I was not alone in enjoying the magazine. On occasion, I had to retrieve the magazine
from my daughter’s room once she matured enough to appreciate and understand
the articles presented—especially the in-depth interviews with important
figures of the day. My wife normally
finished most of the articles before I did.
While most of the “men’s” magazines transformed into softcore and then
hardcore pornography, Playboy held
to a far less revealing form of nudity.
Playboy recently
announced (with the blessings of Hugh Hefner himself) that the magazine will no
longer feature photographs of fully nude women.
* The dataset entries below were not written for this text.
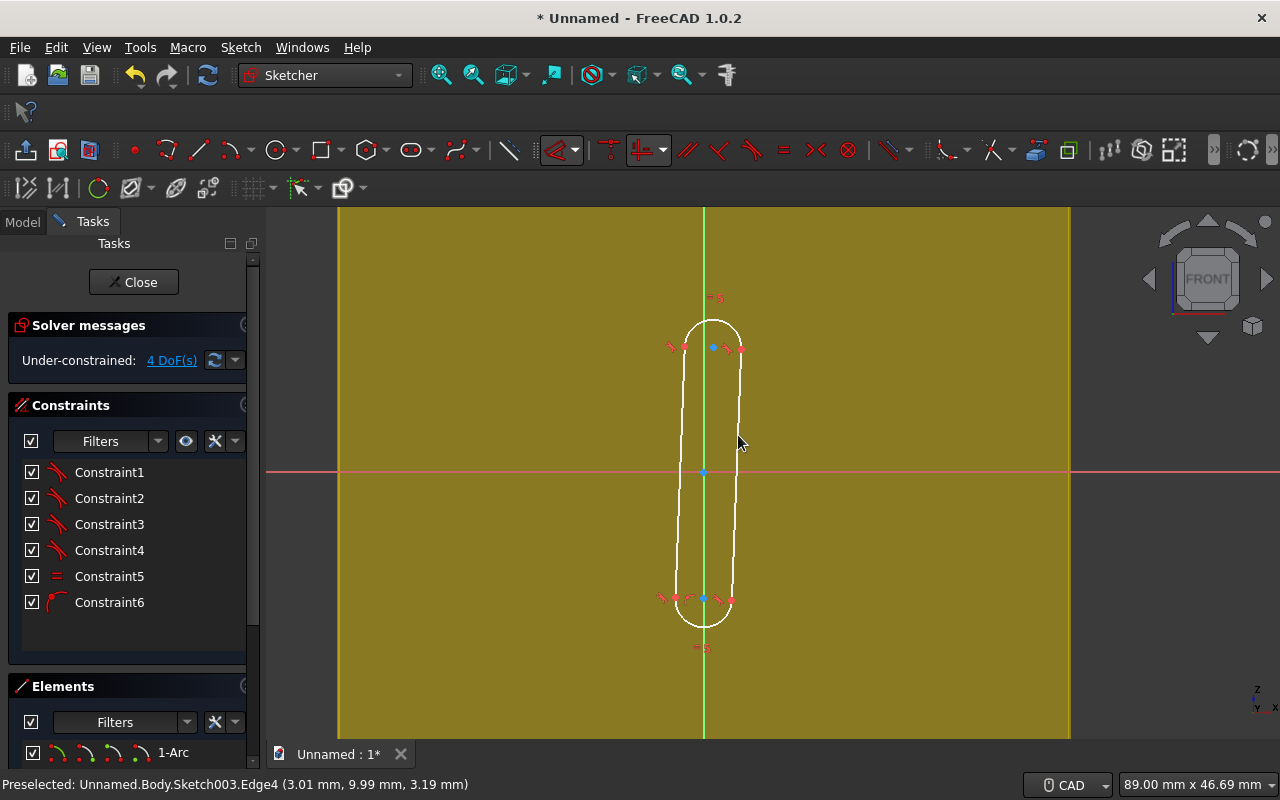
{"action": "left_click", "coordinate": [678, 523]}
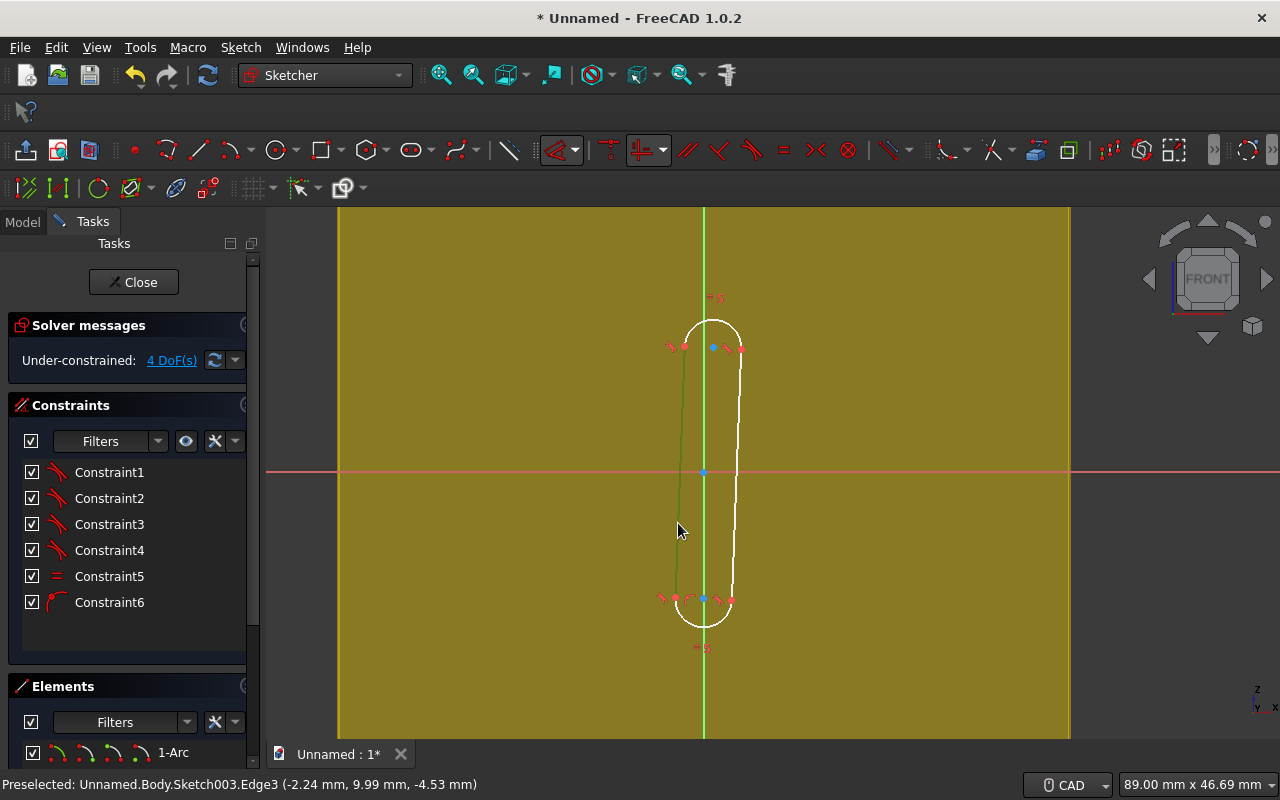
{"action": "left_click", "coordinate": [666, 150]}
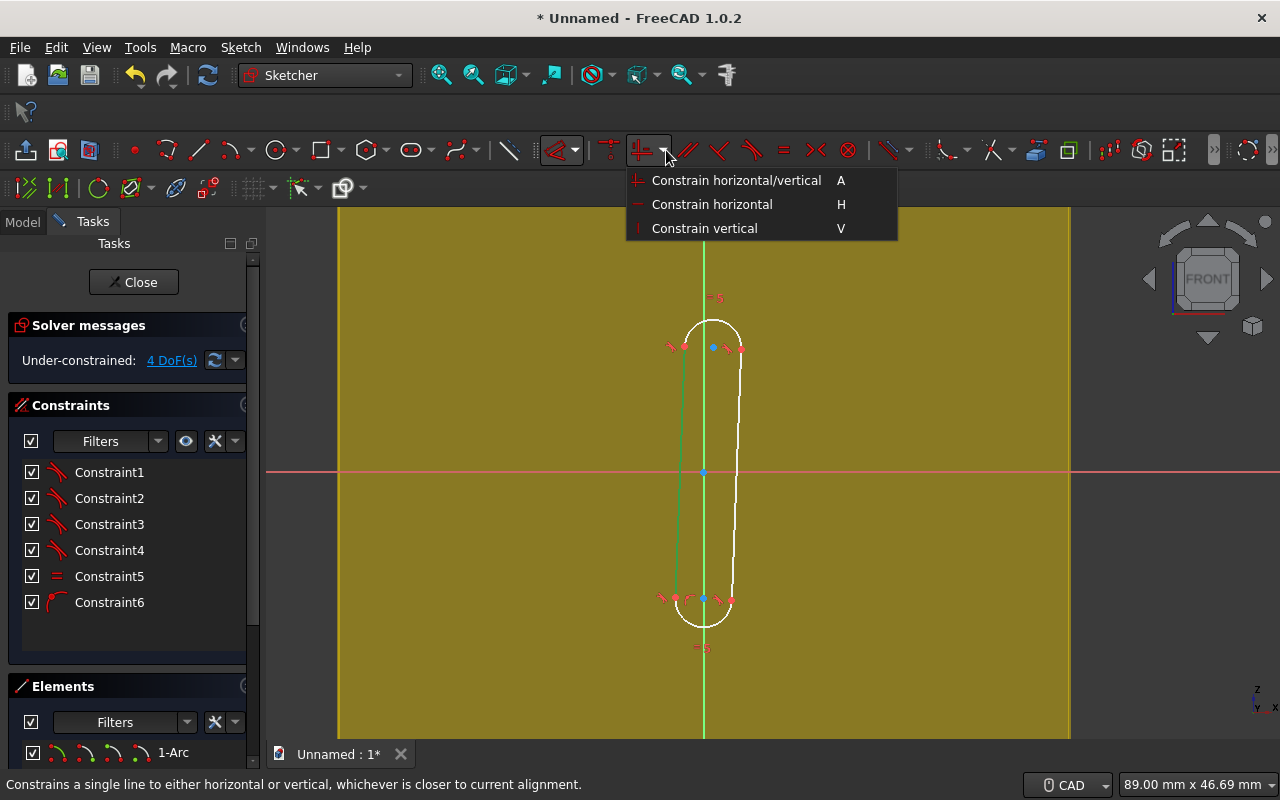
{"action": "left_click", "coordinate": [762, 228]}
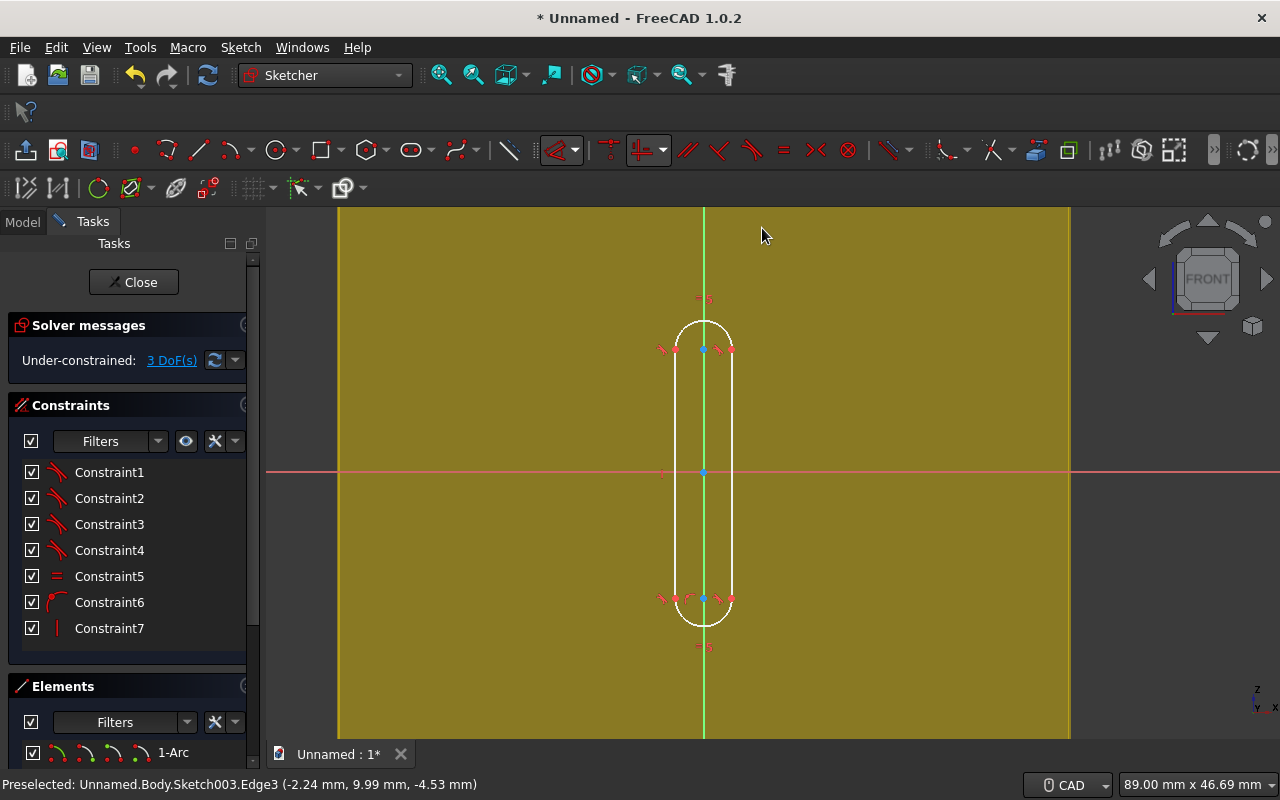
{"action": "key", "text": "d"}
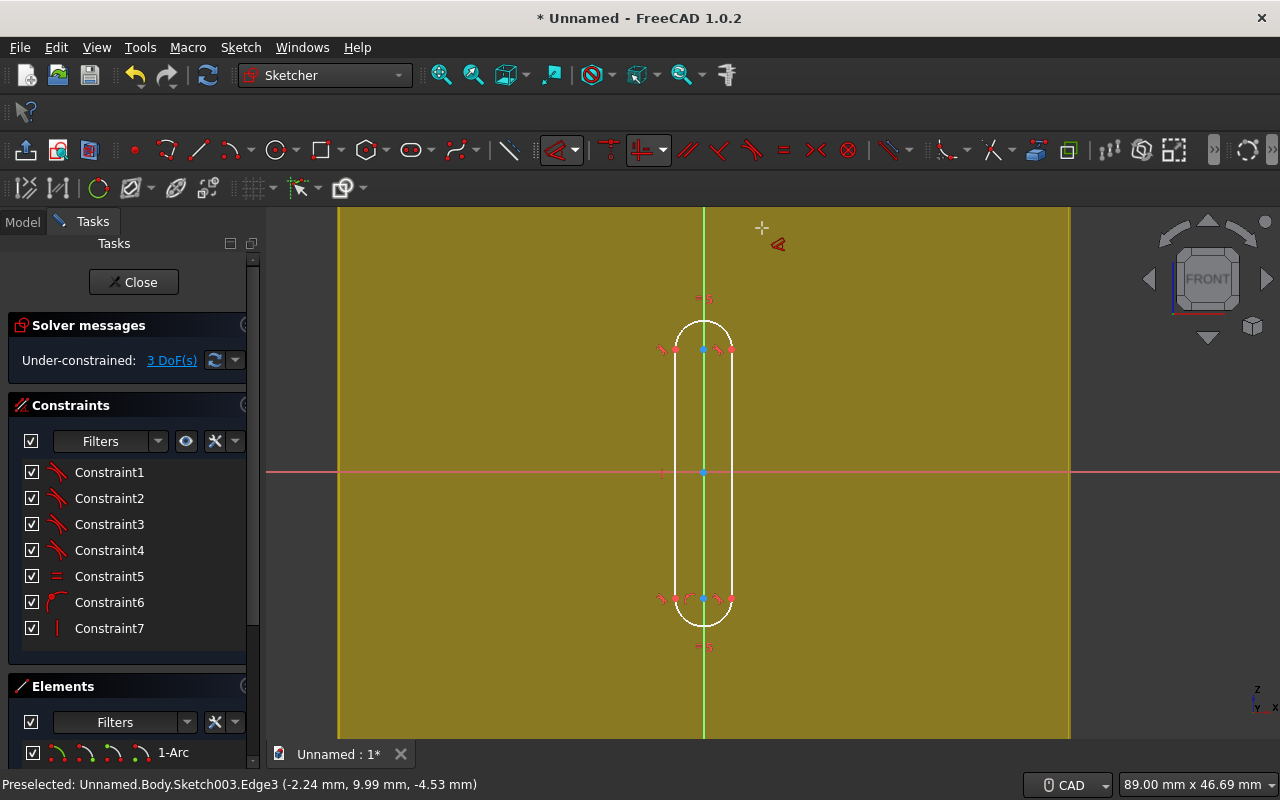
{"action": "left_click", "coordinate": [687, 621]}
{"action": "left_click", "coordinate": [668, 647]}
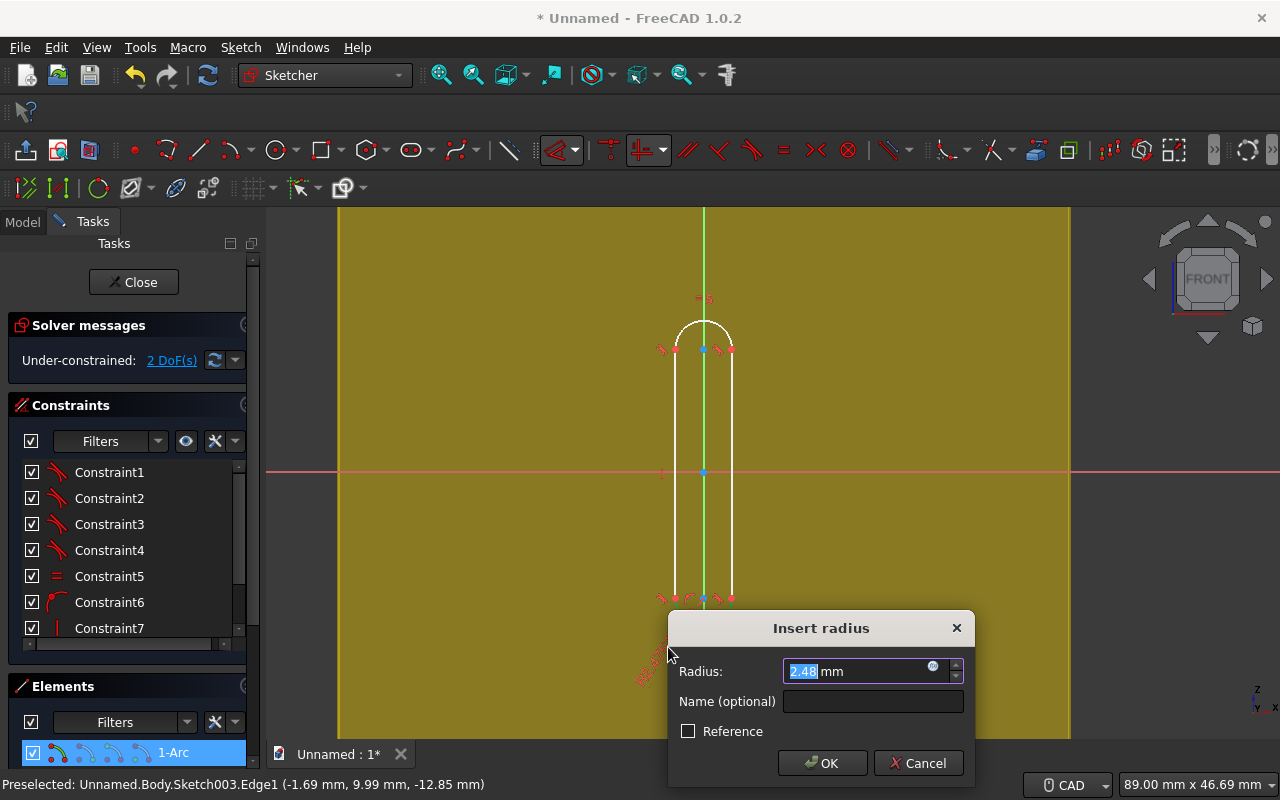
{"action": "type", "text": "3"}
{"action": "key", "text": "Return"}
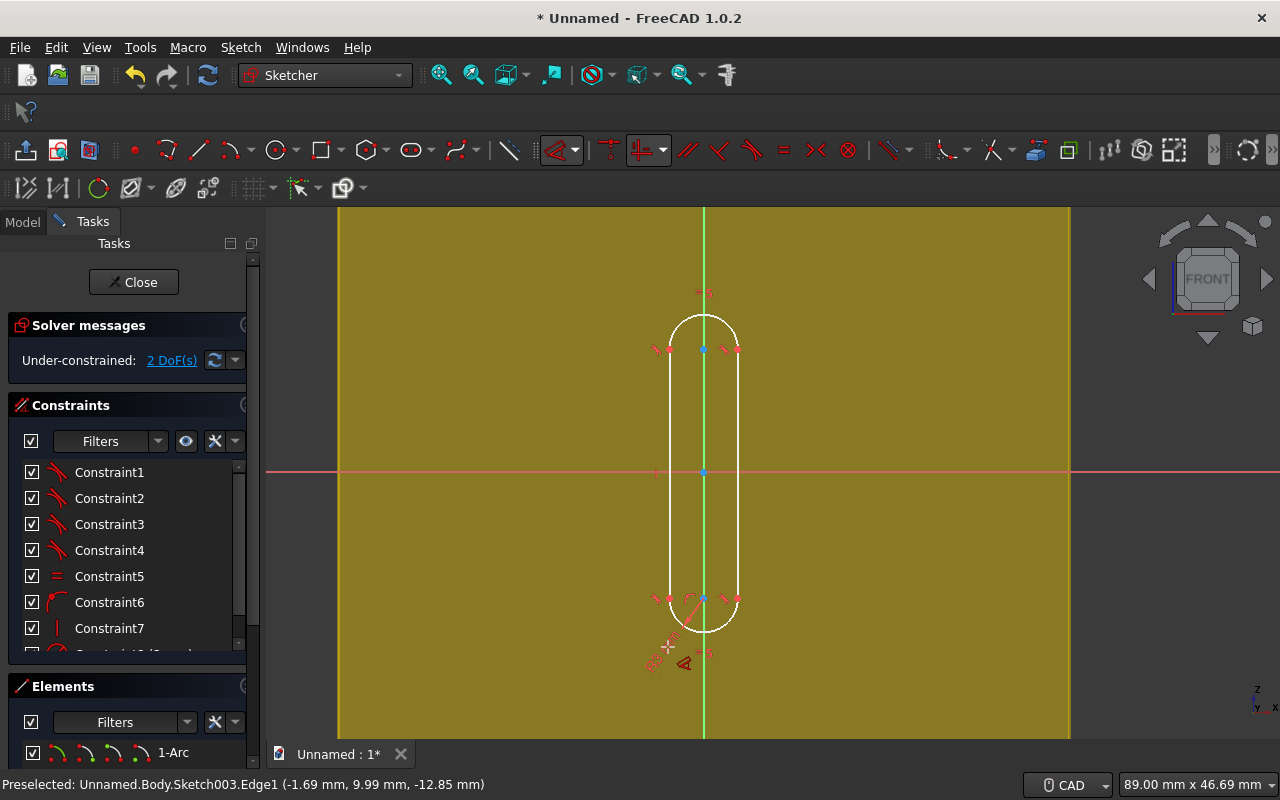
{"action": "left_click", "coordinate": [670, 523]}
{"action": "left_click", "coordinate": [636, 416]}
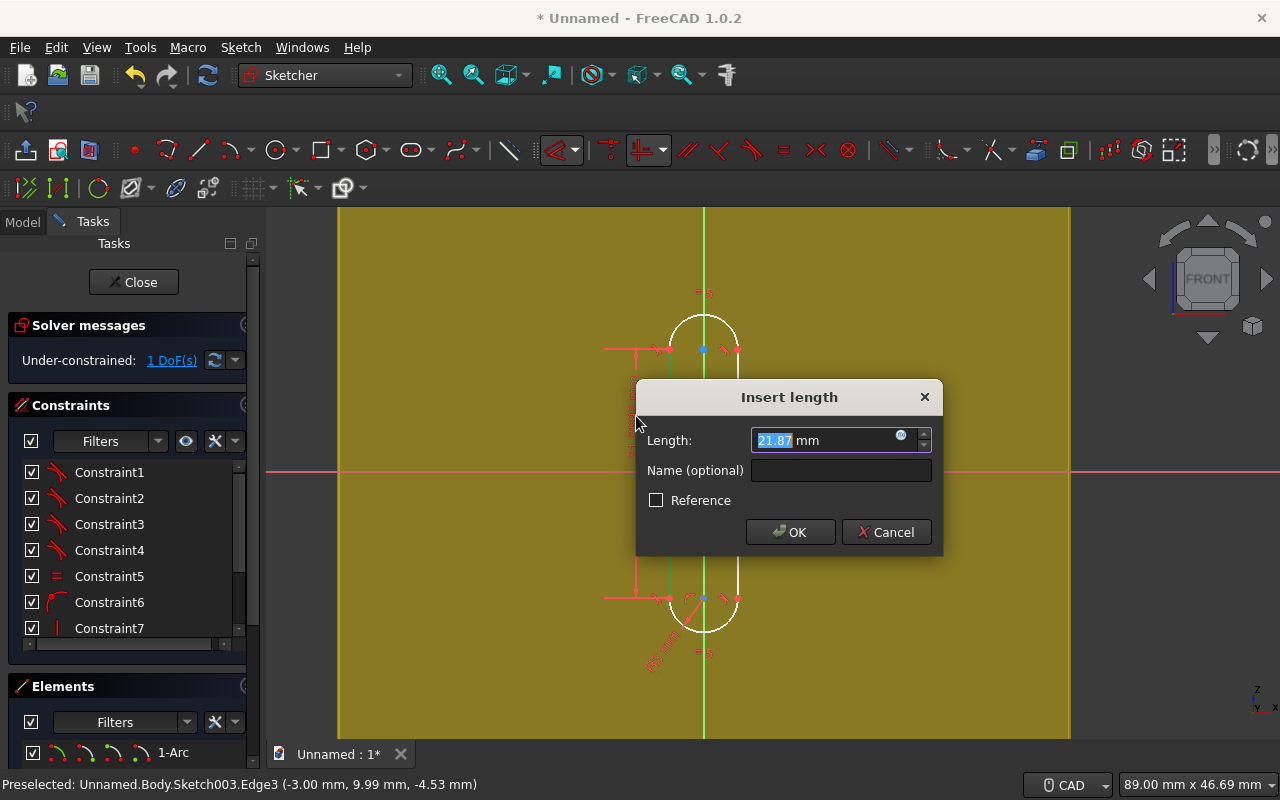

The pervasive nature of sex and nudity on the internet and in all other
media has made the once provocative and revolutionary magazine passé. This is an astounding change for a magazine
that exploded onto the American (and world) stage in 1953 featuring nude photographs
of Marilyn Monroe inside.
In a sense, Playboy
is a victim of its own success in broadening the acceptance and demand for sex
and nudity.
According to a story in the New York Times written by
Ravi Somaiya, Playboy Magazine has seen circulation plunge
from 5.6 million in 1975 to 800,000 at present.
The November 1972 issue sold over 7 million copies, making it the best-selling
issue in the magazine’s history. In
August of last year Playboy’s website
dispensed with nudity and saw unique user traffic jump from 4 million to 16
million per month. More astoundingly,
the average age of the readers dropped from 47 to just a bit over the age of
30.
That Playboy should
opt out of nudity is no small shift. In
a very real sense—for better or worse—Playboy
Magazine acted as the flagship fetching nudity into the American
daylight. Hugh Hefner pushed against censorship
and fought to protect First Amendment rights.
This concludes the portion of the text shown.